I started it in 2001, (the tech bubble had burst) on the premise, after reading hundreds of marketing books that clients who made money off of your software wouldn’t leave you. That they might forgive a missed deadline, but they would not forgive a security breach. That they wanted the freedom to leave at any time. So all of our clients were sold month to month, export your data and leave whenever you want. (this was before open source was an option and before PHP was around.)

What started on the Microsoft platform is now rewritten by a a great team of programmers who work here, and outsourcers, and hopefully more and more by people in the community. It is now Django/Python/Postgres and Ubuntu. We are working hard, and I am obsessing on adding donor management that integrates with Salesforce Foundation’s free licenses for non-profits. I’m completely obsessed with giving NPOs an alternative – that they can succeed on both bottom lines, financial and causes, and put more of their money and time towards the cause instead of spending 10k/user for Raiser’s Edge.

Can a 13 year old product built on Django give NPOs a real alternative to Raiser’s Edge and Blackbaud? And can it be an OPEN SOURCE product that you can integrate, extend, and experience with no vendor lock in at all? The odds are against me. And there are only 10 stools. And my obsession with achieving this success grows stronger every day, and it is not because I know anyone at Blackbaud.

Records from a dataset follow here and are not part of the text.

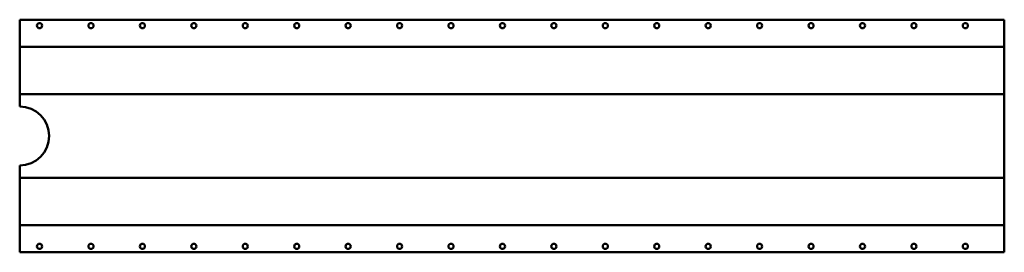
# Model space of a CAD drawing. Header units: millimetres. Extents: x 0 to 1340, y 0 to 316.
import ezdxf

# ---------------------------------------------------------------- set-up
doc = ezdxf.new("R2010")
doc.units = ezdxf.units.MM
for name, color, linetype, lineweight in [('IV_BEND', 250, 'Continuous', 50), ('IV_BEND_DOWN', 250, 'Continuous', 50), ('IV_INTERIOR_PROFILES', 7, 'Continuous', 50), ('IV_OUTER_PROFILE', 7, 'Continuous', 50)]:
    doc.layers.add(name, color=color, linetype=linetype, lineweight=lineweight)

msp = doc.modelspace()

# ---------------------------------------------------------------- linework, layer by layer
at = {"layer": 'IV_BEND'}
for p, q in [((0, 214.8), (1340, 214.8)), ((1340, 100.9), (0, 100.9))]:
    msp.add_line(p, q, dxfattribs=at)
at = {"layer": 'IV_BEND_DOWN'}
for p, q in [((1340, 278.7), (0, 278.7)), ((0, 37), (1340, 37))]:
    msp.add_line(p, q, dxfattribs=at)
at = {"layer": 'IV_INTERIOR_PROFILES'}
for centre in [(27, 307.7), (97, 307.7), (167, 307.7), (237, 307.7), (307, 307.7), (377, 307.7), (447, 307.7), (517, 307.7), (587, 307.7), (657, 307.7), (727, 307.7), (797, 307.7), (867, 307.7), (937, 307.7), (1007, 307.7), (1077, 307.7), (1147, 307.7), (1217, 307.7), (1287, 307.7), (27, 8), (97, 8), (167, 8), (237, 8), (307, 8), (377, 8), (447, 8), (517, 8), (587, 8), (657, 8), (727, 8), (797, 8), (867, 8), (937, 8), (1007, 8), (1077, 8), (1147, 8), (1217, 8), (1287, 8)]:
    msp.add_circle(centre, 3.5, dxfattribs=at)
at = {"layer": 'IV_OUTER_PROFILE'}
for p, q in [((0, 197.9), (0, 315.7)), ((0, 315.7), (1340, 315.7)), ((1340, 315.7), (1340, 0)), ((0, 0), (0, 117.9)), ((0, 0), (1340, 0))]:
    msp.add_line(p, q, dxfattribs=at)
msp.add_arc((0, 157.9), 40, 270, 90, dxfattribs=at)

doc.saveas('drawing.dxf')

I’m obsessed with collaboratively building Tendenci not because of what the software itself can do. I’m obsessed and seeking mastery because of what global-non-profits can do with the first open source Python software built specifically for them.  That is my passion.

 

 

 

 

Tendenci Open Source Donor Management Roadmap

Tendenci has come a long way since it was started in 2001. I didn’t have a choice back then so thus began (at the time – we are now open source) a proprietary system. But we work mostly with Associations and Non Profits. They/You (and I can attest first hand after volunteering with several nonprofits over the years) don’t want proprietary – you want OPEN SOURCE!

So what is our roadmap for Tendenci, now completely open source, for donor management?

I have to say we weren’t feeling the urgency on the donor management part until recently. Why? Because Blackbaud (Nasdaq BLKB) acquired Convio and removed the only viable option. And now they are shutting down Common Ground. Not cool. (Side bar: Word is Convio used to advertise “Common Ground, because we’re not Raiser’s Edge.” If that is true or not, it’s still funny and was always a comment that came up at NTEN or Techsoup meetings over the years.)

Tendenci is written in Django and Python and will remain open source. We are adding a basic GPL CRM with modifications for donor management first. More importantly we are integrating Tendenci with the Salesforce Foundation and the Non-Profit Starter pack through their open source connectors and well documented API.

The team at Tendenci is working feverishly to get full Tendenci-Salesforce integration done because we need it too!

We are prepared and qualified. We have a former employee who now works at Salesforce, we use Salesforce ourselves, and quite frankly they seem to care about the non-profit world. We at Schipul are “all in” as they say as are Tendenci powers the majority of our clients are non-profits.

What can you do now to get ready?

If you want to get ready to fully integrate your Tendenci site, hosted with us or self hosted with the open source community version, a good jumping off point would be to read up on the great work the Salesforce Foundation does for Non Profits. Sign up with the Foundation to get your free licenses even if you just want to play around with it.

I’ll try to keep everyone more up to speed on our roadmap, it’s been a crazy year. But make no mistake, we are building an open system that will reduce the costs of advocacy and non-profit associations and foundations by a factor of 10 compared to Raiser’s Edge. There is hope. (Programmer? – join us on github! http://github.com/tendenci/tendenci ) And in case you can’t tell, I’m excited about this!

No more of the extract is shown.